Records contained in a dataset:
-- Opening Marker --

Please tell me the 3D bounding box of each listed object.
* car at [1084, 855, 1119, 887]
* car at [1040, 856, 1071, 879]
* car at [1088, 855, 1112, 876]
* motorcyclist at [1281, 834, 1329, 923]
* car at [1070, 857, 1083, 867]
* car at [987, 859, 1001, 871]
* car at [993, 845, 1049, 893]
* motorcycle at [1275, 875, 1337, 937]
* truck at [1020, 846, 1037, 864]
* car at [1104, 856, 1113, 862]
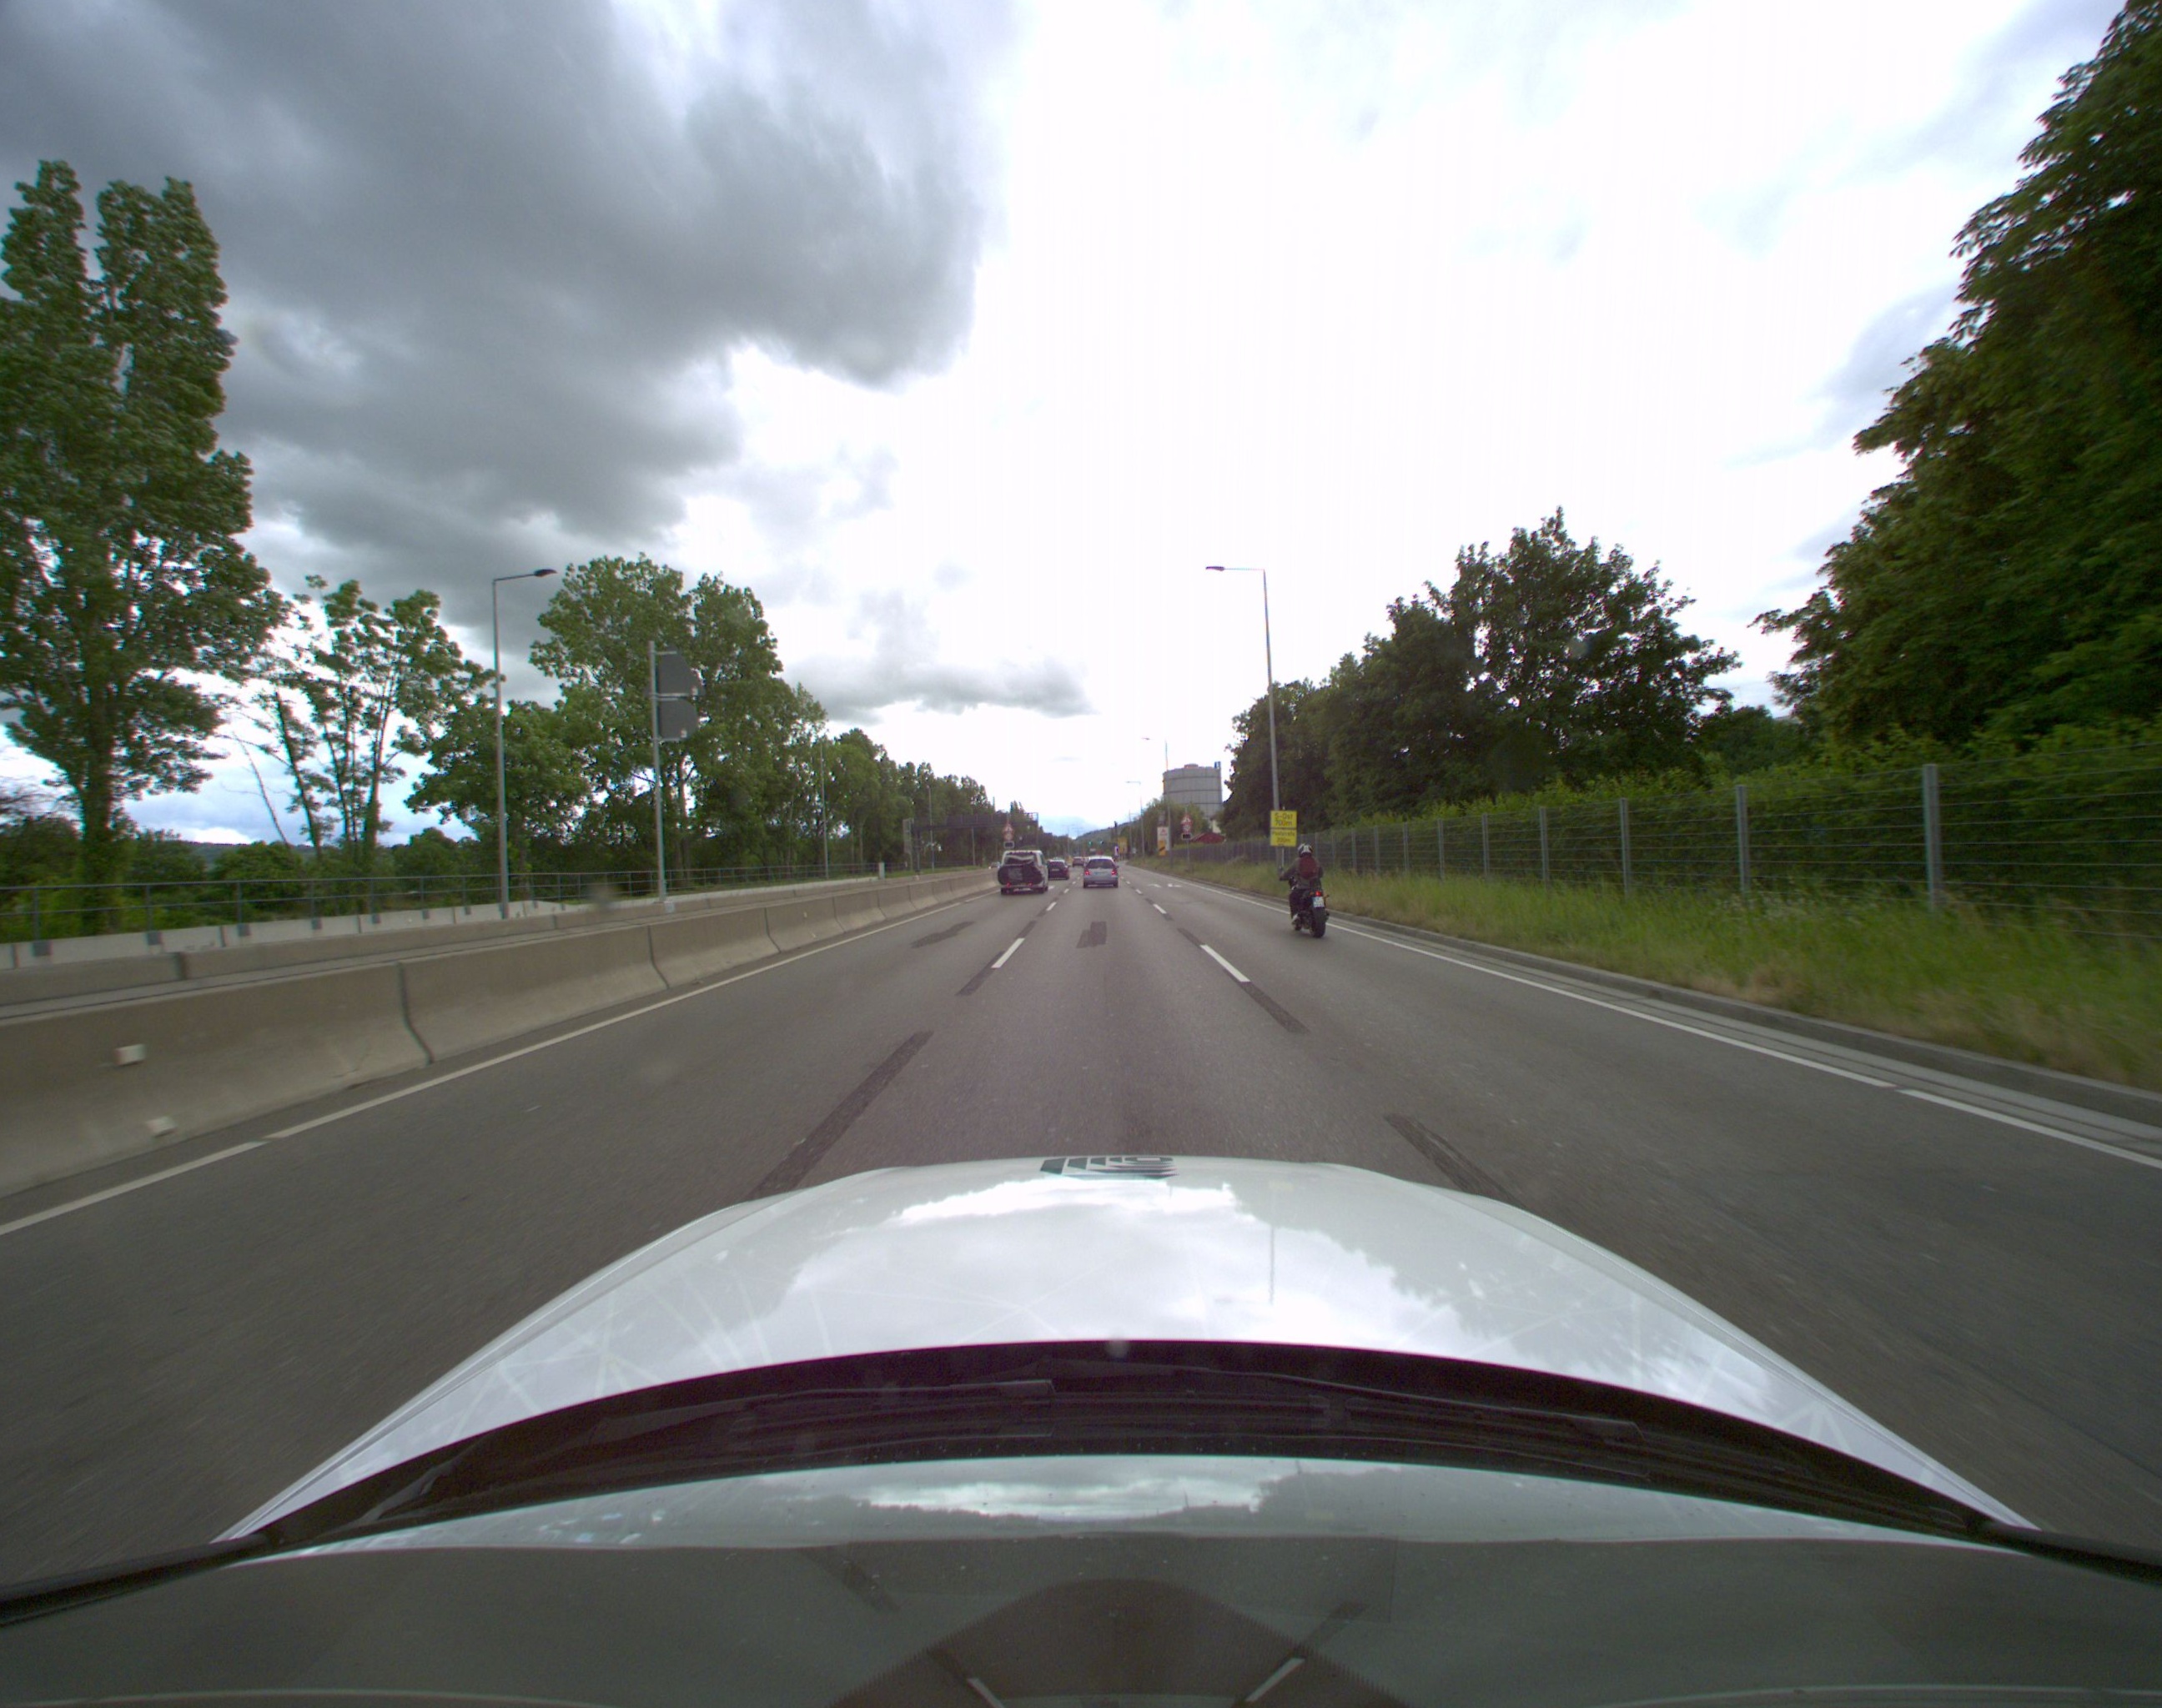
[{"bbox_3d":[1.023,0.833,41.832,1.704,1.530,4.000,0,0,1],"label":"car"},{"bbox_3d":[-1.780,0.931,57.979,1.987,1.552,4.000,0,0,0],"label":"car"},{"bbox_3d":[1.583,0.898,67.594,1.901,1.684,4.001,0,0,1],"label":"car"},{"bbox_3d":[4.147,0.440,15.122,0.682,1.610,0.846,0,-1,3],"label":"motorcyclist"},{"bbox_3d":[-0.644,1.288,129.488,1.987,1.552,3.999,0,0,0],"label":"car"},{"bbox_3d":[-14.914,1.914,140.011,1.987,2.014,3.999,0,0,0],"label":"car"},{"bbox_3d":[-2.522,0.632,35.635,2.209,1.926,4.999,0,0,-2],"label":"car"},{"bbox_3d":[4.162,0.938,15.219,0.703,1.040,2.028,0,0,3],"label":"motorcycle"},{"bbox_3d":[-9.381,0.244,145.424,2.396,3.107,7.201,0,0,0],"label":"truck"},{"bbox_3d":[6.570,1.228,193.484,1.987,1.552,3.999,0,0,0],"label":"car"}]
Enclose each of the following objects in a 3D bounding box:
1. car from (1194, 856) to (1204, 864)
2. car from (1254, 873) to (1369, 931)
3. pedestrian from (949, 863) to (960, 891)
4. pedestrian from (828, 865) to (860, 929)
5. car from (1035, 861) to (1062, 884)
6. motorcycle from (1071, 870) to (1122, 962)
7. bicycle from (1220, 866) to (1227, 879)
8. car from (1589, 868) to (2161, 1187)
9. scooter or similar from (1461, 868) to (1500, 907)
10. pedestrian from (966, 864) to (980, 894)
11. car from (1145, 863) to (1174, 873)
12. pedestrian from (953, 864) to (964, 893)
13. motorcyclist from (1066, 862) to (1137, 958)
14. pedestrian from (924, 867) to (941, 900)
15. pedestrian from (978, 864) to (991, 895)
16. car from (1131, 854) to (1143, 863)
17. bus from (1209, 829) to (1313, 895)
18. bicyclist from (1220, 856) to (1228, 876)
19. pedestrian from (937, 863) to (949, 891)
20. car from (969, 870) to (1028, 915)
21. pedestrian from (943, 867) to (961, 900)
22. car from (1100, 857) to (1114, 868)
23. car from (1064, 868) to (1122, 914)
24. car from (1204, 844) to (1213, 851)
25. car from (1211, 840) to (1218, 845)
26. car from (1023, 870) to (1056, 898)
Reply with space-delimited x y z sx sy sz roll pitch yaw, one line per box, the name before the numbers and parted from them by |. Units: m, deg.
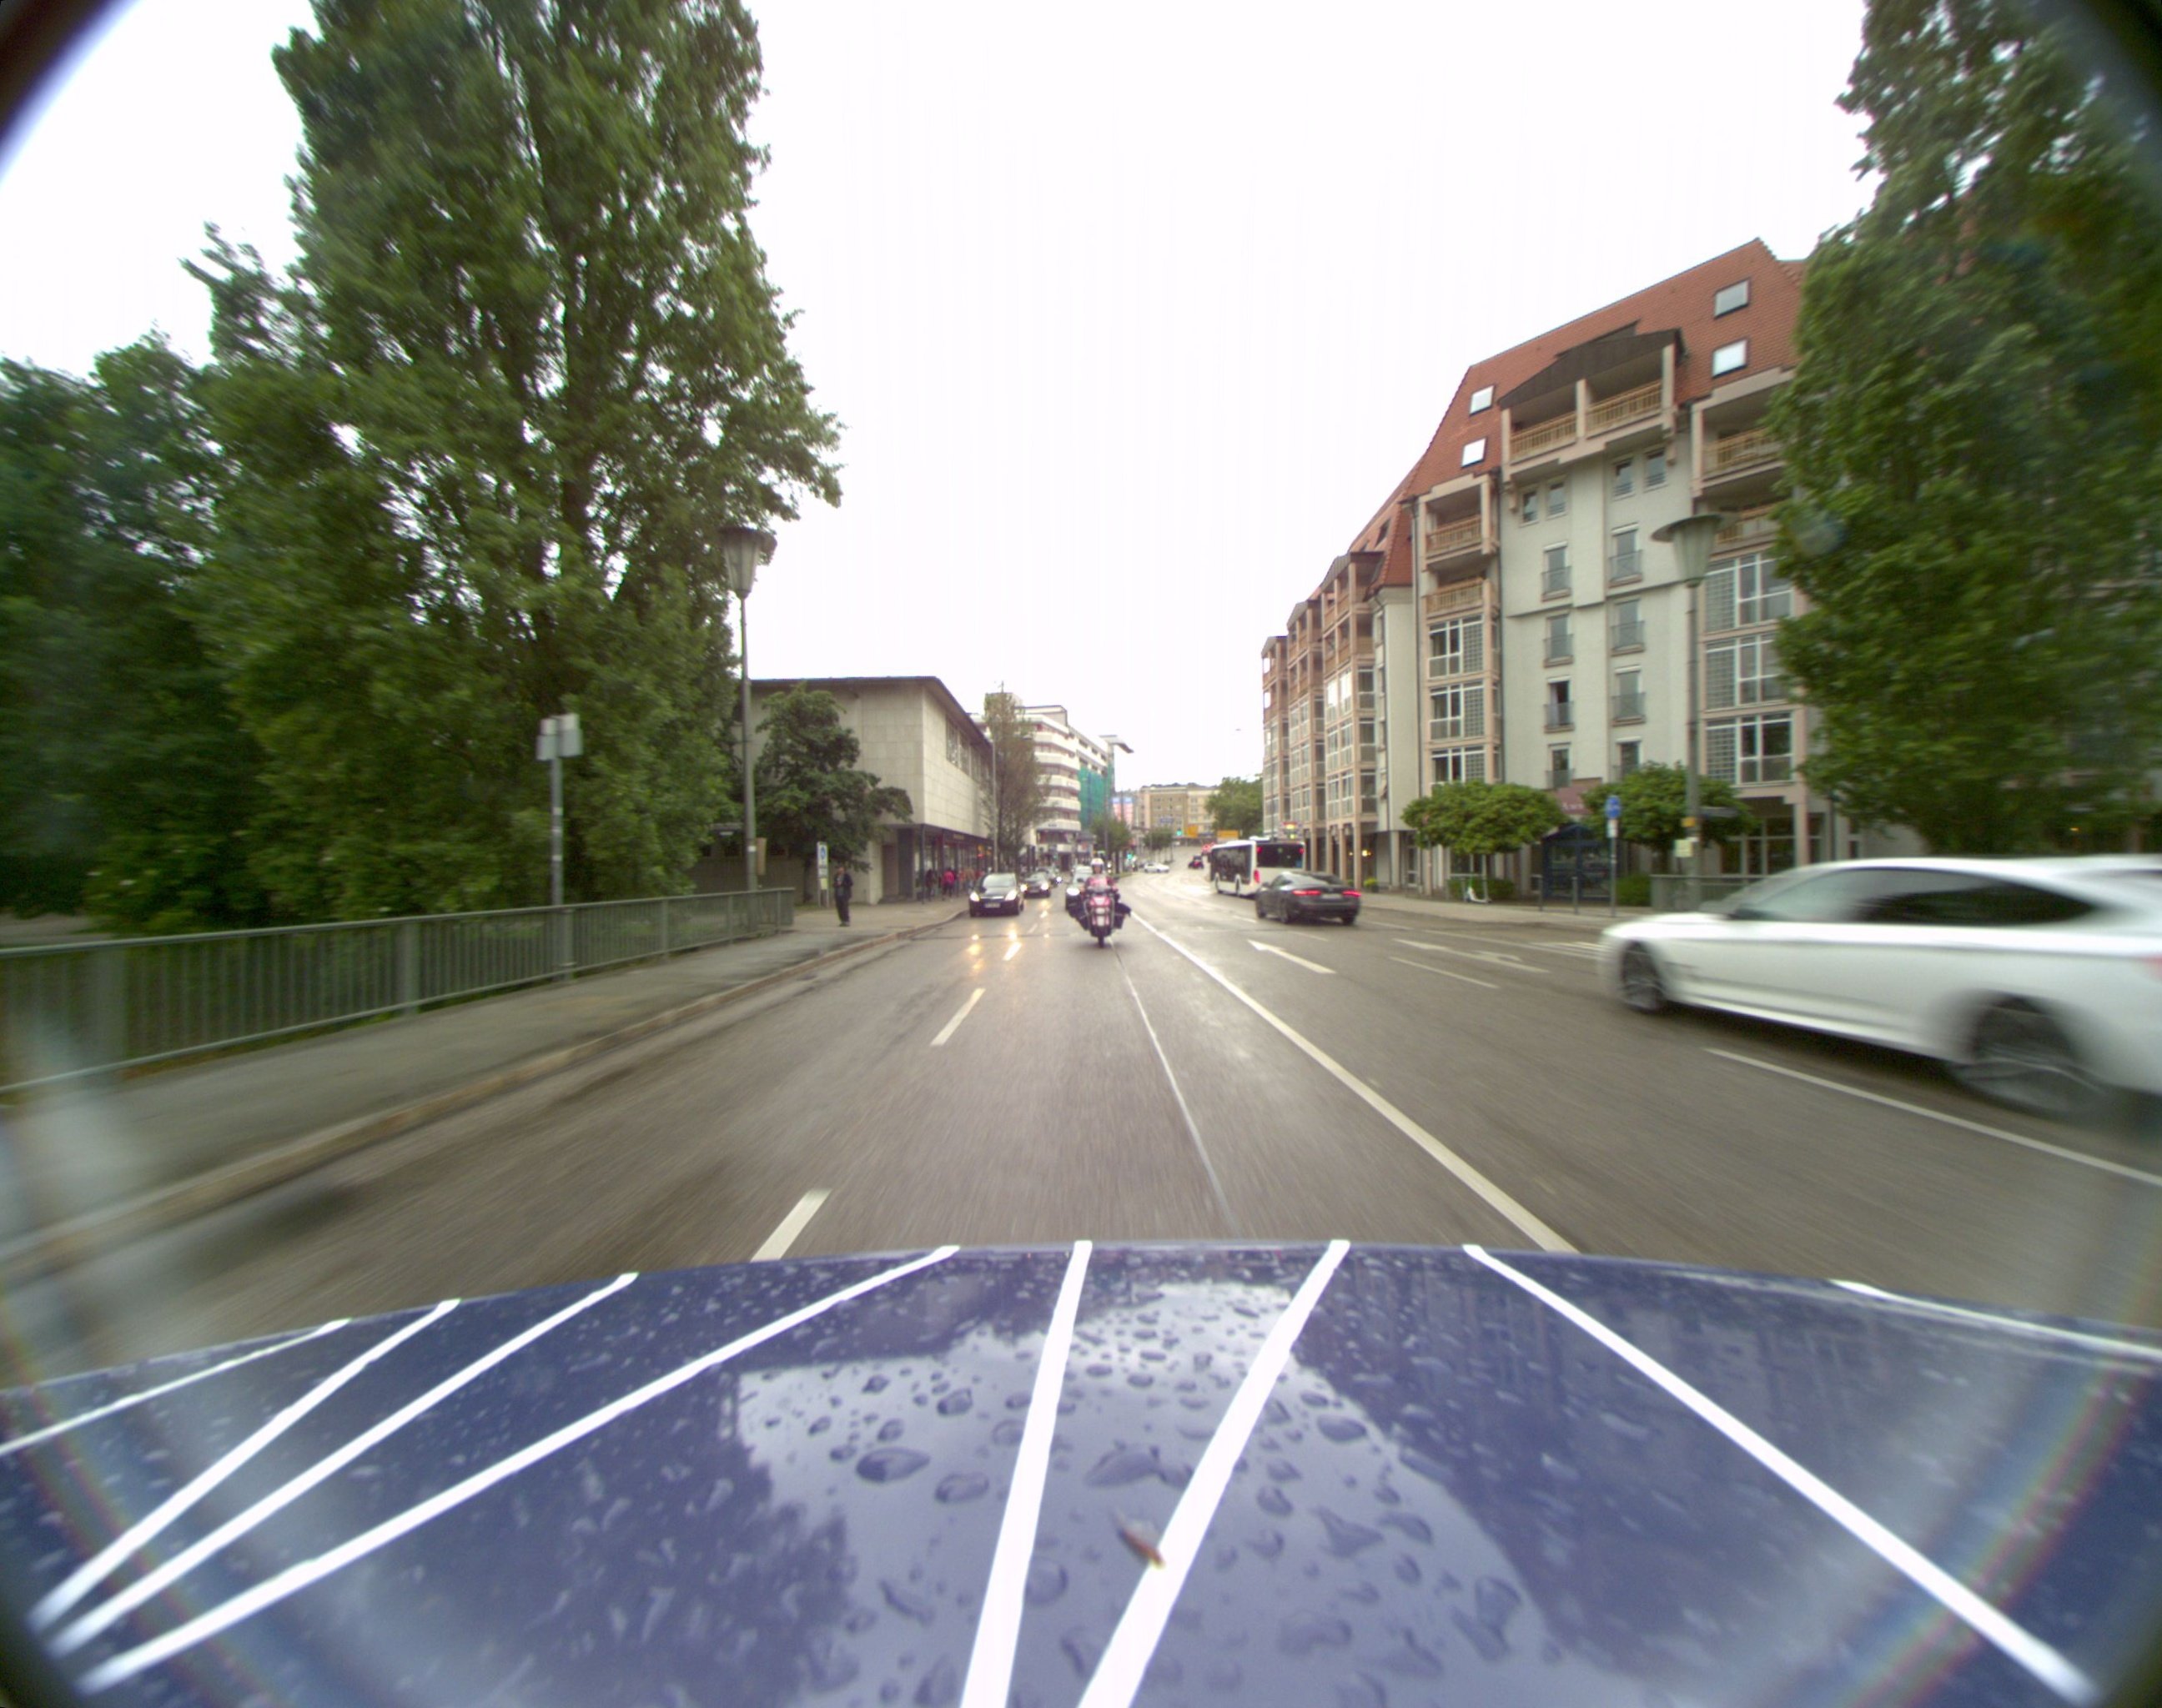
car | 24.177 1.233 155.668 1.761 1.412 4.098 1 1 5
car | 6.161 1.227 20.866 1.796 1.317 4.406 -1 0 0
pedestrian | -7.787 1.442 46.796 0.537 1.708 0.535 -1 0 9
pedestrian | -6.230 1.123 19.985 0.641 1.654 0.563 0 -1 -1
car | -2.673 1.487 62.751 1.735 1.669 4.250 -3 0 3
motorcycle | 0.324 1.071 14.260 0.832 1.479 2.866 -1 0 2
bicycle | 13.800 1.785 73.512 0.651 1.104 2.059 -1 0 10
car | 6.191 0.885 5.430 1.841 1.501 4.820 -1 0 -1
scooter or similar | 14.571 1.214 27.763 0.483 1.307 1.570 -1 3 -4
pedestrian | -6.296 1.455 44.395 0.700 1.791 0.606 0 0 0
car | 11.418 2.003 110.305 1.774 1.401 3.989 -4 2 -41
pedestrian | -7.664 1.506 47.598 0.537 1.809 0.535 -1 0 10
motorcyclist | 0.401 1.045 14.613 1.296 1.756 0.846 -1 0 2
pedestrian | -7.365 1.448 37.623 0.727 1.580 0.606 0 0 0
pedestrian | -5.637 1.481 44.468 0.655 1.757 0.923 0 0 0
car | 11.834 0.940 160.651 1.830 1.727 4.002 0 3 14
bus | 9.523 0.546 42.028 2.751 3.057 12.239 2 -2 0
bicyclist | 13.775 1.120 73.245 0.793 1.879 0.954 -1 0 10
pedestrian | -8.541 1.424 46.909 0.537 1.708 0.535 -1 0 10
car | -2.855 1.320 27.063 1.712 1.448 3.743 -2 -1 -1
pedestrian | -6.384 1.438 37.627 0.719 1.610 0.769 0 0 0
car | 4.727 1.504 138.582 1.830 1.727 4.002 0 3 14
car | 0.488 1.301 28.386 1.937 1.511 4.469 -2 -1 2
car | 30.074 -1.512 179.548 1.830 1.726 4.314 -1 1 12
car | 38.078 -3.302 216.837 1.716 1.470 3.960 1 2 12
car | -2.320 1.644 43.011 1.596 1.432 3.627 -2 0 0

-- Closing Marker --

| How to complete this task |
Every entry above needs to be printed again exactly, with its pictures left out.

| Worked solution |
Please tell me the 3D bounding box of each listed object.
* car at [1084, 855, 1119, 887]
* car at [1040, 856, 1071, 879]
* car at [1088, 855, 1112, 876]
* motorcyclist at [1281, 834, 1329, 923]
* car at [1070, 857, 1083, 867]
* car at [987, 859, 1001, 871]
* car at [993, 845, 1049, 893]
* motorcycle at [1275, 875, 1337, 937]
* truck at [1020, 846, 1037, 864]
* car at [1104, 856, 1113, 862]
[{"bbox_3d":[1.023,0.833,41.832,1.704,1.530,4.000,0,0,1],"label":"car"},{"bbox_3d":[-1.780,0.931,57.979,1.987,1.552,4.000,0,0,0],"label":"car"},{"bbox_3d":[1.583,0.898,67.594,1.901,1.684,4.001,0,0,1],"label":"car"},{"bbox_3d":[4.147,0.440,15.122,0.682,1.610,0.846,0,-1,3],"label":"motorcyclist"},{"bbox_3d":[-0.644,1.288,129.488,1.987,1.552,3.999,0,0,0],"label":"car"},{"bbox_3d":[-14.914,1.914,140.011,1.987,2.014,3.999,0,0,0],"label":"car"},{"bbox_3d":[-2.522,0.632,35.635,2.209,1.926,4.999,0,0,-2],"label":"car"},{"bbox_3d":[4.162,0.938,15.219,0.703,1.040,2.028,0,0,3],"label":"motorcycle"},{"bbox_3d":[-9.381,0.244,145.424,2.396,3.107,7.201,0,0,0],"label":"truck"},{"bbox_3d":[6.570,1.228,193.484,1.987,1.552,3.999,0,0,0],"label":"car"}]
Enclose each of the following objects in a 3D bounding box:
1. car from (1194, 856) to (1204, 864)
2. car from (1254, 873) to (1369, 931)
3. pedestrian from (949, 863) to (960, 891)
4. pedestrian from (828, 865) to (860, 929)
5. car from (1035, 861) to (1062, 884)
6. motorcycle from (1071, 870) to (1122, 962)
7. bicycle from (1220, 866) to (1227, 879)
8. car from (1589, 868) to (2161, 1187)
9. scooter or similar from (1461, 868) to (1500, 907)
10. pedestrian from (966, 864) to (980, 894)
11. car from (1145, 863) to (1174, 873)
12. pedestrian from (953, 864) to (964, 893)
13. motorcyclist from (1066, 862) to (1137, 958)
14. pedestrian from (924, 867) to (941, 900)
15. pedestrian from (978, 864) to (991, 895)
16. car from (1131, 854) to (1143, 863)
17. bus from (1209, 829) to (1313, 895)
18. bicyclist from (1220, 856) to (1228, 876)
19. pedestrian from (937, 863) to (949, 891)
20. car from (969, 870) to (1028, 915)
21. pedestrian from (943, 867) to (961, 900)
22. car from (1100, 857) to (1114, 868)
23. car from (1064, 868) to (1122, 914)
24. car from (1204, 844) to (1213, 851)
25. car from (1211, 840) to (1218, 845)
26. car from (1023, 870) to (1056, 898)
Reply with space-delimited x y z sx sy sz roll pitch yaw, one line per box, the name before the numbers and parted from them by |. Units: m, deg.
car | 24.177 1.233 155.668 1.761 1.412 4.098 1 1 5
car | 6.161 1.227 20.866 1.796 1.317 4.406 -1 0 0
pedestrian | -7.787 1.442 46.796 0.537 1.708 0.535 -1 0 9
pedestrian | -6.230 1.123 19.985 0.641 1.654 0.563 0 -1 -1
car | -2.673 1.487 62.751 1.735 1.669 4.250 -3 0 3
motorcycle | 0.324 1.071 14.260 0.832 1.479 2.866 -1 0 2
bicycle | 13.800 1.785 73.512 0.651 1.104 2.059 -1 0 10
car | 6.191 0.885 5.430 1.841 1.501 4.820 -1 0 -1
scooter or similar | 14.571 1.214 27.763 0.483 1.307 1.570 -1 3 -4
pedestrian | -6.296 1.455 44.395 0.700 1.791 0.606 0 0 0
car | 11.418 2.003 110.305 1.774 1.401 3.989 -4 2 -41
pedestrian | -7.664 1.506 47.598 0.537 1.809 0.535 -1 0 10
motorcyclist | 0.401 1.045 14.613 1.296 1.756 0.846 -1 0 2
pedestrian | -7.365 1.448 37.623 0.727 1.580 0.606 0 0 0
pedestrian | -5.637 1.481 44.468 0.655 1.757 0.923 0 0 0
car | 11.834 0.940 160.651 1.830 1.727 4.002 0 3 14
bus | 9.523 0.546 42.028 2.751 3.057 12.239 2 -2 0
bicyclist | 13.775 1.120 73.245 0.793 1.879 0.954 -1 0 10
pedestrian | -8.541 1.424 46.909 0.537 1.708 0.535 -1 0 10
car | -2.855 1.320 27.063 1.712 1.448 3.743 -2 -1 -1
pedestrian | -6.384 1.438 37.627 0.719 1.610 0.769 0 0 0
car | 4.727 1.504 138.582 1.830 1.727 4.002 0 3 14
car | 0.488 1.301 28.386 1.937 1.511 4.469 -2 -1 2
car | 30.074 -1.512 179.548 1.830 1.726 4.314 -1 1 12
car | 38.078 -3.302 216.837 1.716 1.470 3.960 1 2 12
car | -2.320 1.644 43.011 1.596 1.432 3.627 -2 0 0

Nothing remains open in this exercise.